Well, um, assuming that your mobile internet service can get anywhere near 100 Mbit/s in the first place.
Let’s assume that you want to own and use your Librem 5 for many years and in the course of those years your MNO is going to upgrade the 4G service to provider faster download speeds - and you are close enough to the tower to get those faster speeds.
also probably less-open and more energy consuming (i don’t know by how much though)
Orange is one of the leading carriers in my country. best lower-frequency coverage among all the competitors …
i’ve noticed that the cheapest plans often involve using the bigger competition frequencies together with some limitations … i always orient myself based on minimum and average coverage/speed not maximum since that is mostly metropolitan most of the time. if rural areas are not thoroughly supported then it’s crap …
Thanks a lot for all this info, I first got aware of this when you wrote about it here and now my time has come to finally pick a modem, guess I’ll be picking E1 AND T1 as I’m on Free Mobile =)
The date when I’ll receive the e-mail in not very closed for me.

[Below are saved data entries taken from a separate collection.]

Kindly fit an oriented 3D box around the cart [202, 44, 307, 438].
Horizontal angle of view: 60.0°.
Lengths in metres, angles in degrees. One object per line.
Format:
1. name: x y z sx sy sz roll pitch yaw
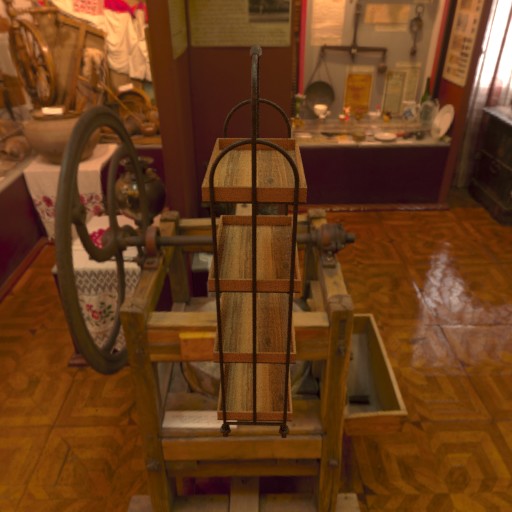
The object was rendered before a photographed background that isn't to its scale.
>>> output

As my mobile operator is Free too, I’m interrested in your feedback when you will have tested T1 on B28 (700MHz).
This thread is very useful, but it seems to contain contradicting information. Is the information on the Purism homepage up-to-date or not?
But honestly, I wasn’t expecting having to do this kind of research before buying a smartphone. My expectation is that such a device works with all the carriers in the country that it is sold to. I certainly don’t want to be limited in my choice of a carrier, which I will most probably not decide on before I have the phone in hand, and which I may also want to change in the course of time.
So is there a chance that we get an official recommendation which modem to use per country, or is it left to ourselves to take the risk not being able to use it anymore one day because we chose the wrong carrier?
They selected existing variants of modems that could work in the L5, and that could provide the most coverage for any given region (Europe, North America, Asia, etc.) and a wide assortment of carriers in those regions. (The T1 only became available fairly late in this process, by the way, so it now provides an additional option for those that need its set of frequencies.)
Not even “regular” smartphones come with every frequency that works on every carrier in a country.
You can order a second modem separately, or order two modems at the time of getting the phone delivered, and change the modem when you need to.
It is apparently not recommended to change the modem routinely (e.g. every day or every month would be bad) however if you change carrier every few years, there should be no problem changing modem every few years.
I think everyone agrees that if you could just buy one modem that covered all 4G bands globally that would be simpler for everybody. The beauty of a user-replaceable modem is that if such a modem appears on the market in the future, you can buy it and install it.